|Year : 2021 | Volume
| Issue : 1 | Page : 5-8
Determinants of the risk of intraoperative complications in phacoemulsification among patients with pseudoexfoliation
Pedro Vazquez-Ferreiro1, Francisco J Carrera-Hueso2, Lidia Barreiro Rodriguez3, Marta Diaz-Rey3, María Auxiliadora Ramón Barrios4, Jaime E Poquet Jornet5
1 Department of Ophthalmology, Hospital Virxen da Xunqueira, Cee, A Coruña, Marina Salud, Alicante; Department of Pharmacy and Pharmaceutical Technology, University of Granada, Granada, Spain
2 Department of Pharmacy, Hospital Dr Moliner, Valencia, Spain
3 Department of Ophthalmology, Hospital Virxen da Xunqueira, Cee, A Coruña, Alicante, Spain
4 Department of Pharmacy, University Hospital Dr. Peset, Valencia, Spain
5 Department of Pharmacy, Dénia Hospital, Marina Salud, Alicante, Spain
|Date of Submission||08-Dec-2019|
|Date of Decision||07-Nov-2020|
|Date of Acceptance||07-Dec-2020|
|Date of Web Publication||09-Sep-2021|
Dr. Pedro Vazquez-Ferreiro
Paseo do Alcalde Pepe Sánchez, 7, 15270 Cee, A Coruña
Source of Support: None, Conflict of Interest: None
PURPOSE: The purpose of the study was to study the relationship between pseudoexfoliation (PES) and other predictors in the development of complications in cataract surgery by phacoemulsification in patients with PES.

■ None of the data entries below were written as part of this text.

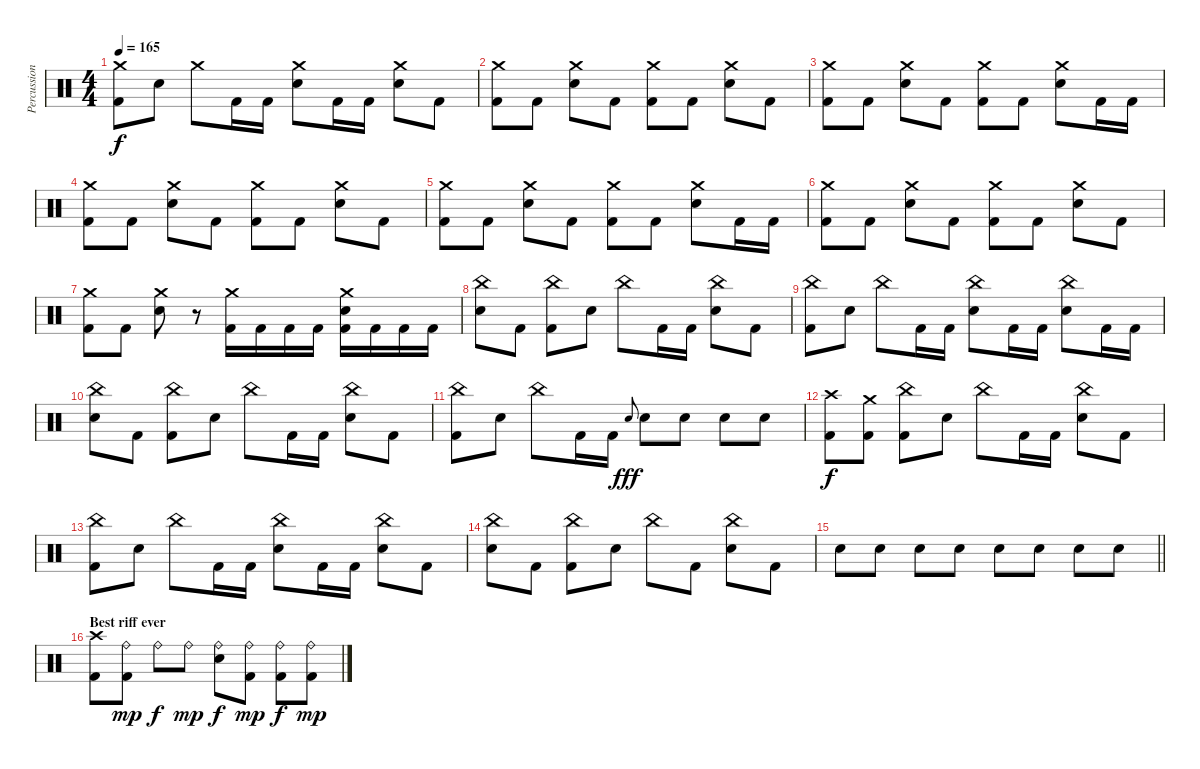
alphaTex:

\track ("Percussions" "Percussion") {instrument percussion}
\staff
\articulation defaults
\ts (4 4)
\tempo 165
\clef neutral
\ks c
("Crash medium (hit)" "Kick (hit) 2").8{dy f} "Electric Snare (hit)".8 "Crash medium (hit)".8 "Kick (hit) 2".16 "Kick (hit) 2".16 ("Crash medium (hit)" "Electric Snare (hit)").8 "Kick (hit) 2".16 "Kick (hit) 2".16 ("Crash medium (hit)" "Electric Snare (hit)").8 "Kick (hit) 2".8 |
("Crash medium (hit)" "Kick (hit) 2").8 "Kick (hit) 2".8 ("Crash medium (hit)" "Electric Snare (hit)").8 "Kick (hit) 2".8 ("Crash medium (hit)" "Kick (hit) 2").8 "Kick (hit) 2".8 ("Crash medium (hit)" "Electric Snare (hit)").8 "Kick (hit) 2".8 |
("Crash medium (hit)" "Kick (hit) 2").8 "Kick (hit) 2".8 ("Crash medium (hit)" "Electric Snare (hit)").8 "Kick (hit) 2".8 ("Crash medium (hit)" "Kick (hit) 2").8 "Kick (hit) 2".8 ("Crash medium (hit)" "Electric Snare (hit)").8 "Kick (hit) 2".16 "Kick (hit) 2".16 |
("Crash medium (hit)" "Kick (hit) 2").8 "Kick (hit) 2".8 ("Crash medium (hit)" "Electric Snare (hit)").8 "Kick (hit) 2".8 ("Crash medium (hit)" "Kick (hit) 2").8 "Kick (hit) 2".8 ("Crash medium (hit)" "Electric Snare (hit)").8 "Kick (hit) 2".8 |
("Crash medium (hit)" "Kick (hit) 2").8 "Kick (hit) 2".8 ("Crash medium (hit)" "Electric Snare (hit)").8 "Kick (hit) 2".8 ("Crash medium (hit)" "Kick (hit) 2").8 "Kick (hit) 2".8 ("Crash medium (hit)" "Electric Snare (hit)").8 "Kick (hit) 2".16 "Kick (hit) 2".16 |
("Crash medium (hit)" "Kick (hit) 2").8 "Kick (hit) 2".8 ("Crash medium (hit)" "Electric Snare (hit)").8 "Kick (hit) 2".8 ("Crash medium (hit)" "Kick (hit) 2").8 "Kick (hit) 2".8 ("Crash medium (hit)" "Electric Snare (hit)").8 "Kick (hit) 2".8 |
("Crash medium (hit)" "Kick (hit) 2").8 "Kick (hit) 2".8 ("Crash medium (hit)" "Electric Snare (hit)").8 r.8 ("Crash medium (hit)" "Kick (hit) 2").16 "Kick (hit) 2".16 "Kick (hit) 2".16 "Kick (hit) 2".16 ("Crash medium (hit)" "Electric Snare (hit)" "Kick (hit) 2").16 "Kick (hit) 2".16 "Kick (hit) 2".16 "Kick (hit) 2".16 |
("China (hit)" "Electric Snare (hit)").8 "Kick (hit) 2".8 ("China (hit)" "Kick (hit) 2").8 "Electric Snare (hit)".8 "China (hit)".8 "Kick (hit) 2".16 "Kick (hit) 2".16 ("China (hit)" "Electric Snare (hit)").8 "Kick (hit) 2".8 |
("China (hit)" "Kick (hit) 2").8 "Electric Snare (hit)".8 "China (hit)".8 "Kick (hit) 2".16 "Kick (hit) 2".16 ("China (hit)" "Electric Snare (hit)").8 "Kick (hit) 2".16 "Kick (hit) 2".16 ("China (hit)" "Electric Snare (hit)").8 "Kick (hit) 2".16 "Kick (hit) 2".16 |
("China (hit)" "Electric Snare (hit)").8 "Kick (hit) 2".8 ("China (hit)" "Kick (hit) 2").8 "Electric Snare (hit)".8 "China (hit)".8 "Kick (hit) 2".16 "Kick (hit) 2".16 ("China (hit)" "Electric Snare (hit)").8 "Kick (hit) 2".8 |
("China (hit)" "Kick (hit) 2").8 "Electric Snare (hit)".8 "China (hit)".8 "Kick (hit) 2".16 "Kick (hit) 2".16 "Electric Snare (hit)".8{gr onbeat dy fff} "Electric Snare (hit)".8 "Electric Snare (hit)".8 "Electric Snare (hit)".8 "Electric Snare (hit)".8 |
("Crash high (hit)" "Kick (hit) 2").8{dy f} ("Crash medium (hit)" "Kick (hit) 2").8 ("China (hit)" "Kick (hit) 2").8 "Electric Snare (hit)".8 "China (hit)".8 "Kick (hit) 2".16 "Kick (hit) 2".16 ("China (hit)" "Electric Snare (hit)").8 "Kick (hit) 2".8 |
("China (hit)" "Kick (hit) 2").8 "Electric Snare (hit)".8 "China (hit)".8 "Kick (hit) 2".16 "Kick (hit) 2".16 ("China (hit)" "Electric Snare (hit)").8 "Kick (hit) 2".16 "Kick (hit) 2".16 ("China (hit)" "Electric Snare (hit)").8 "Kick (hit) 2".8 |
("China (hit)" "Electric Snare (hit)").8 "Kick (hit) 2".8 ("China (hit)" "Kick (hit) 2").8 "Electric Snare (hit)".8 "China (hit)".8 "Kick (hit) 2".8 ("China (hit)" "Electric Snare (hit)").8 "Kick (hit) 2".8 |
\barLineRight lightlight "Electric Snare (hit)".8 "Electric Snare (hit)".8 "Electric Snare (hit)".8 "Electric Snare (hit)".8 "Electric Snare (hit)".8 "Electric Snare (hit)".8 "Electric Snare (hit)".8 "Electric Snare (hit)".8
|
\section ("" "Best riff ever")
("Crash high (hit)" "Kick (hit) 2").8 ("Ride (bell)" "Kick (hit) 2").8{dy mp} "Ride (bell)".8{dy f} "Ride (bell)".8{dy mp} ("Ride (bell)" "Electric Snare (hit)").8{dy f} ("Ride (bell)" "Kick (hit) 2").8{dy mp} ("Ride (bell)" "Kick (hit) 2").8{dy f} ("Ride (bell)" "Kick (hit) 2").8{dy mp}
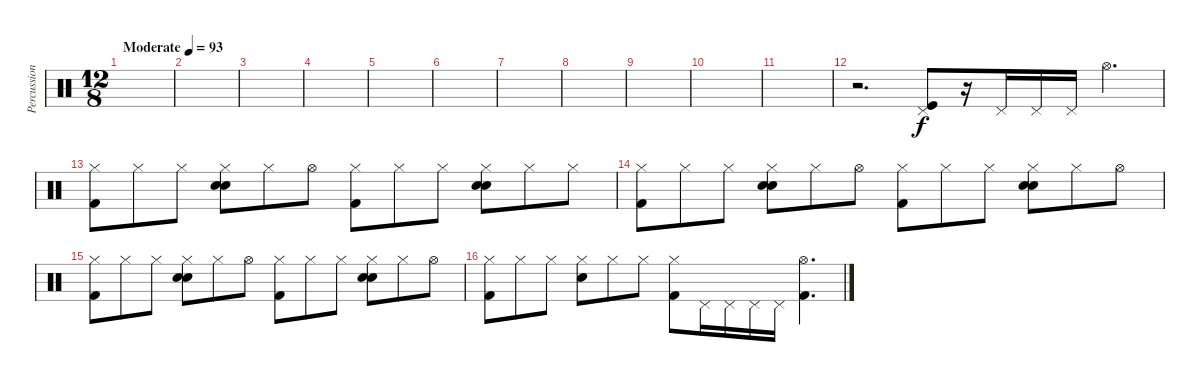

METHODS: A retrospective cohort study of patients undergoing cataract surgery by phacoemulsification in the health area of Cee in northwestern Spain during the 2-year period from 2009 to 2010. Capsule rupture, choroidal hemorrhage, and vitreous loss were included as complications and intraoperative nucleus or lens dislocation as the independent variable. PES, age, hardness, type of cataract, myopia, preoperative visual acuity, antiplatelet use, anticoagulant uses, alpha agonist use, mydriasis prior to surgery, anterior chamber depth, and axial length were included as predictor variables. All predictive hierarchical models were tested using as a selection criterion the one minimizing the Akaike index.
RESULTS: A total of 551 patients were initially identified from hospital register, of which 48 were excluded due to the presence of an exclusion factor. After the initial selection, the final sample was 681 eyes of 503 patients. Of the 8192 possible models, a model with the following seven variables was selected: PES, steroid use, alpha agonist use, nuclear hardness, mydriasis, anterior chamber depth, and axial length. The selected model had an Akaike index of 435.4 and an area under the curve of 0.7895 corresponding to a sensitivity of 6.2% and a specificity of 98.5%.
CONCLUSION: PES, nuclear hardness, and alpha agonist use are risk factors strongly predictive of complications.
Keywords: Cataract/complications, cataract/surgery, phacoemulsification, pseudoexfoliation syndrome
|How to cite this article:|
Vazquez-Ferreiro P, Carrera-Hueso FJ, Rodriguez LB, Diaz-Rey M, Ramón Barrios MA, Poquet Jornet JE. Determinants of the risk of intraoperative complications in phacoemulsification among patients with pseudoexfoliation. Saudi J Ophthalmol 2021;35:5-8
|How to cite this URL:|
Vazquez-Ferreiro P, Carrera-Hueso FJ, Rodriguez LB, Diaz-Rey M, Ramón Barrios MA, Poquet Jornet JE. Determinants of the risk of intraoperative complications in phacoemulsification among patients with pseudoexfoliation. Saudi J Ophthalmol [serial online] 2021 [cited 2021 Dec 6];35:5-8. Available from: http://www.sjo.org/text.asp?2021/35/1/5/325774
| Introduction|| |
Pseudoexfoliation (PES) is an entity characterized by the deposition of fibrillar material in various anatomic locations. PES increases the risk of cataract development and accelerates their progression, in addition to the development of intraoperative complications., These complications lead to an increase in postoperative complications with a reduction in final visual acuity, increasing both direct and indirect costs in the development of the disease.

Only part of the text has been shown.